Affiche du fim L'homme aux mille visages

          Après avoir délaissé les salles obscures pendant des mois, voilà que d’un coup je ne les quitte plus (quitte à y faire la sieste). Je n’ai donc pas fini de vous parler de cinéma, d’autant plus qu’en ce moment je lis plutôt lentement et n’ai donc pas grand chose à vous présenter comme nouveautés de ce côté-là. Et puis comme je ne sors plus… reste donc le cinéma. Une belle série d’articles rien que pour vous. Comme à mon habitude, je suis allée voir ce film sans avoir la moindre idée de quoi il pouvait bien s’agir, juste parce que l’horaire me convenait et que j’ai bien les polars. L’histoire avait finalement tout pour plaire. Espèce de film d’espionnage peuplé de crapules en tous genres qui jouent à cache cache avec la police et ourdissent des complots.

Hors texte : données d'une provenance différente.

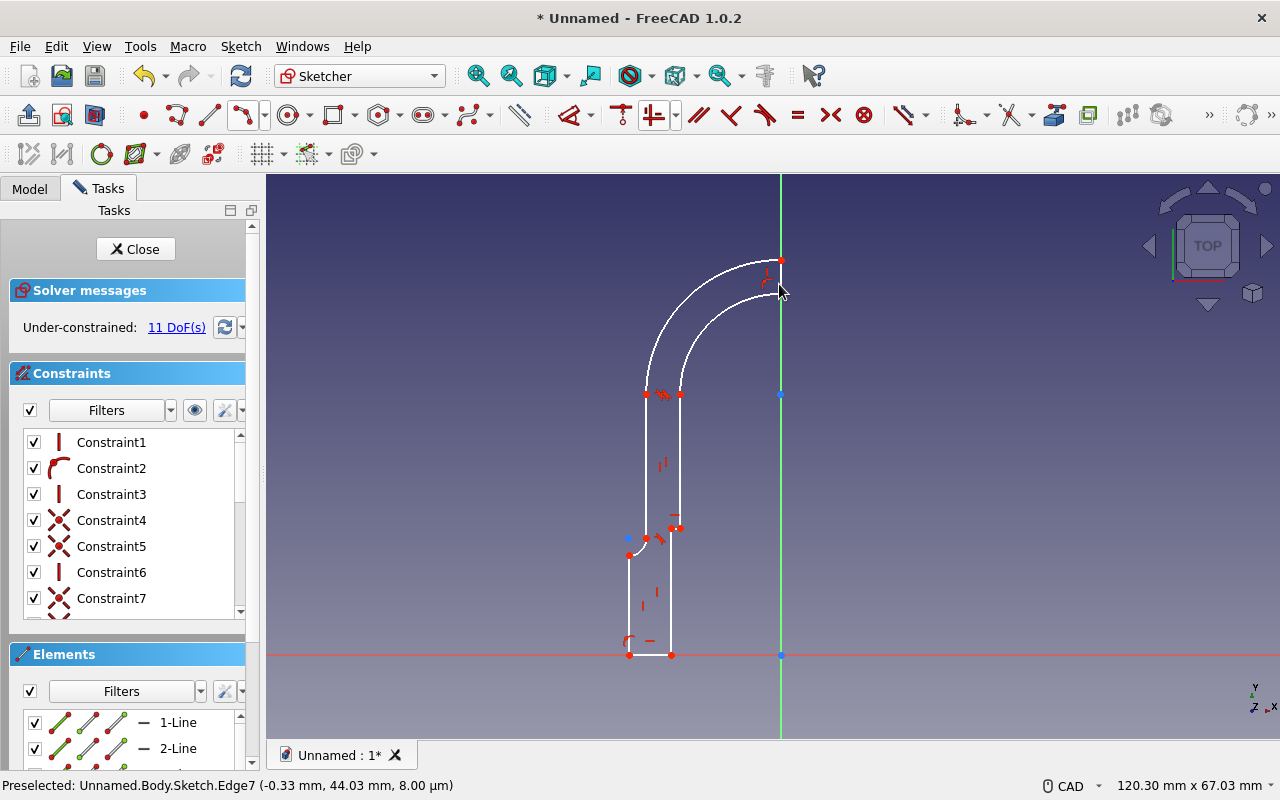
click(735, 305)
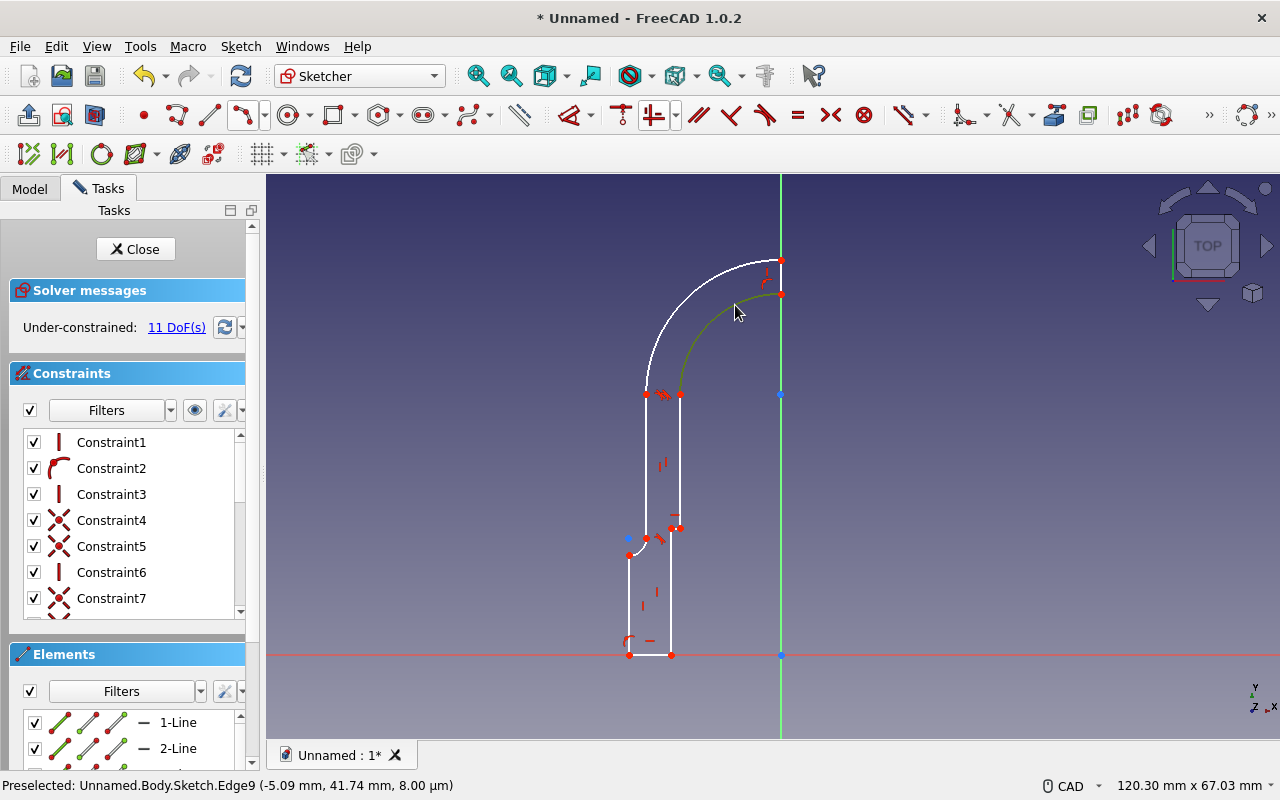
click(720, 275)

Image du film L'homme aux mille visages

          Dans les faits, ç’a été un peu plus compliqué… Il y a des choses intéressantes dans ce thriller plutôt efficace mais j’ai eu du mal à m’installer dedans. C’est très sombre et assez tortueux. Je ne connaissais rien à cette histoire et pas grand chose non plus à la période et j’avoue avoir parfois dû me concentrer sérieusement pour arriver à suivre (sans être toujours bien sûre d’y être arrivée d’ailleurs). Difficile du coup de se laisser porter par cette intrigue folle qui est un vrai labyrinthe et a tendance à perdre le spectateur en route. L’ambiance est plutôt pesante, les personnages peu sympathiques et la mise en scène quelque peu vieillotte, même si au final ça colle assez bien avec la période concernée. Bien qu’il se passe pas mal de choses, j’ai parfois trouvé le temps un peu long devant ses manigances sans fin. L’histoire a un gros potentiel mais le tout est un peu pesant même si le résultat n’est pas mauvais. Impression mitigée donc sur ce film dense, complexe et sombre : pas toujours simple à suivre.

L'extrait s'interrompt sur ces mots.